CREDIT ACCEPTANCE CORPORATION 54 NOTE PURCHASE AGREEMENT
59
(l) Investments not otherwise included in clause (a)
through clause (k) of this definition, provided that the aggregate
amount of all such Investments does not at any time exceed One Million
Dollars ($1,000,000).
RESTRICTED SUBSIDIARY -- means any Subsidiary (a) in respect of which
the Company owns, directly or indirectly, (i) at least eighty percent (80%) (by
number of votes) of each class of such Subsidiary's Voting Stock, or (ii) in
the case of CAC Insurance Agency of Ohio, Inc., at least 99% of the shares of
capital stock issued and outstanding of all classes in the aggregate, (b) that
is organized under the laws of the United States of America or any jurisdiction
thereof, the United Kingdom or any jurisdiction thereof (including, without
limitation, England, Scotland and Wales), Canada or any jurisdiction thereof or
the Republic of Ireland or any jurisdiction thereof, and that conducts all of
its business in, and has all of its Property located in, the United States of
America, the United Kingdom, Canada and/or the Republic of Ireland and (c) that
is not an Unrestricted Subsidiary.

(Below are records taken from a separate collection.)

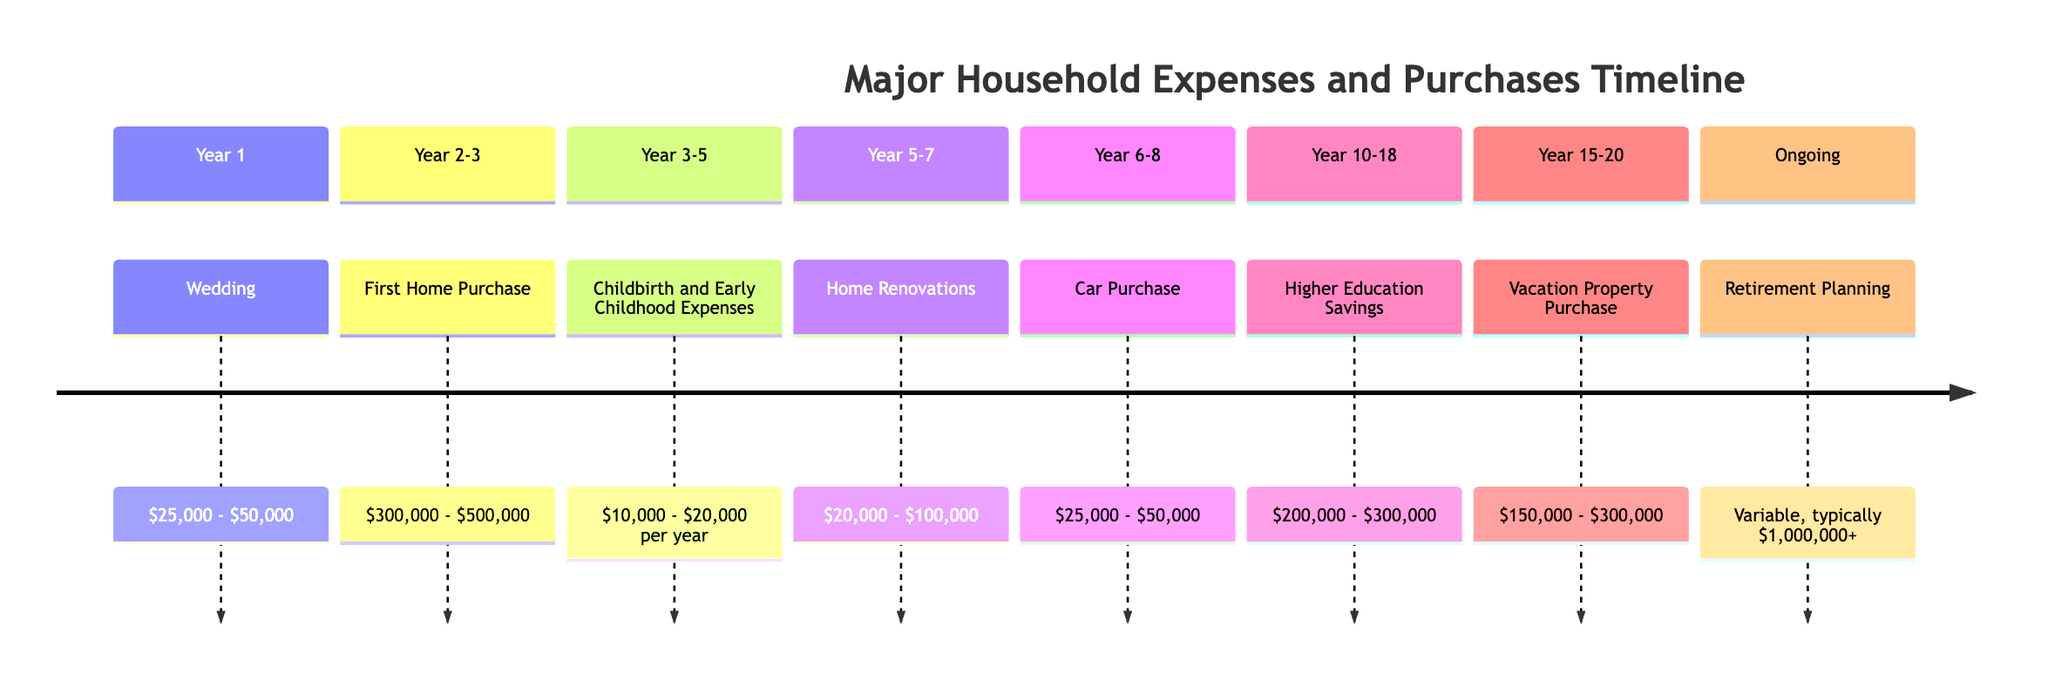What is the expected cost of the wedding? The first event on the timeline is "Wedding," which has an expected cost ranging from $25,000 to $50,000. This information can be found in the corresponding section of the timeline.
Answer: $25,000 - $50,000 In which years do childbirth expenses occur? The timeline indicates that childbirth and early childhood expenses are expected to occur between Year 3 and Year 5. This is specified at the section where this event is listed.
Answer: Year 3 - 5 What is the financial impact of buying a first home? The "First Home Purchase" event notes that it is a major long-term investment impacting various expenses like mortgage payments, property taxes, and insurance. This information is found under its event description.
Answer: Major long-term investment How many events are listed between Years 2 and 3? The timeline includes one event during Years 2-3, which is the "First Home Purchase." This can be counted by reviewing the specified sections in the timeline.
Answer: 1 What is the expected cost range for higher education savings? The section for "Higher Education Savings" indicates an expected cost range of $200,000 to $300,000. This data can be directly read from the section related to that event.
Answer: $200,000 - $300,000 During which years does car purchasing occur? The timeline details that car purchases happen between Year 6 to Year 8. This is indicated in the section where the car purchase event is placed.
Answer: Year 6 - 8 What is the primary financial impact of retirement planning? The financial impact of retirement planning is described as a long-term savings goal requiring a diversified investment strategy. This key information is derived from the retirement section of the timeline.
Answer: Long-term savings goal What is the relationship between home renovations, home equity, and resale value? The home renovations event specifies that this significant one-time cost may increase home equity and resale value. Understanding this requires linking the event to its financial impact shown in the timeline.
Answer: Increases home equity and resale value What is the cost range of the vacation property purchase? The vacation property purchase section specifies that the expected cost is between $150,000 and $300,000. This information is found directly from the relevant section of the timeline.
Answer: $150,000 - $300,000

Any Restricted Subsidiary in compliance
with the requirements set forth in the first sentence of this definition and
designated as a Restricted Subsidiary on the Closing Date shall be deemed to
have been a Restricted Subsidiary for all periods prior to the Closing Date.
Notwithstanding any provision in Section 6.17 to the contrary, CAC
International and CAC UK shall be deemed Restricted Subsidiaries as of October
1, 1995 and CAC of Canada Limited and any Subsidiary formed by the Company to
provide property and casualty insurance shall each be deemed a Restricted
Subsidiary as of the date of its formation.
RESTRICTED SUBSIDIARY STOCK -- Section 6.8(b).
SALE AND LEASEBACK TRANSACTION -- means any transaction or series of
related transactions in which the Company or a Restricted Subsidiary sells or
transfers any of its Property to any Person (other than to the Company or to a
Restricted Subsidiary) and concurrently with such sale or transfer, or
thereafter, rents or leases such transferred Property or substantially similar
Property from any Person.
SECURITIES ACT -- means the Securities Act of 1933, as amended.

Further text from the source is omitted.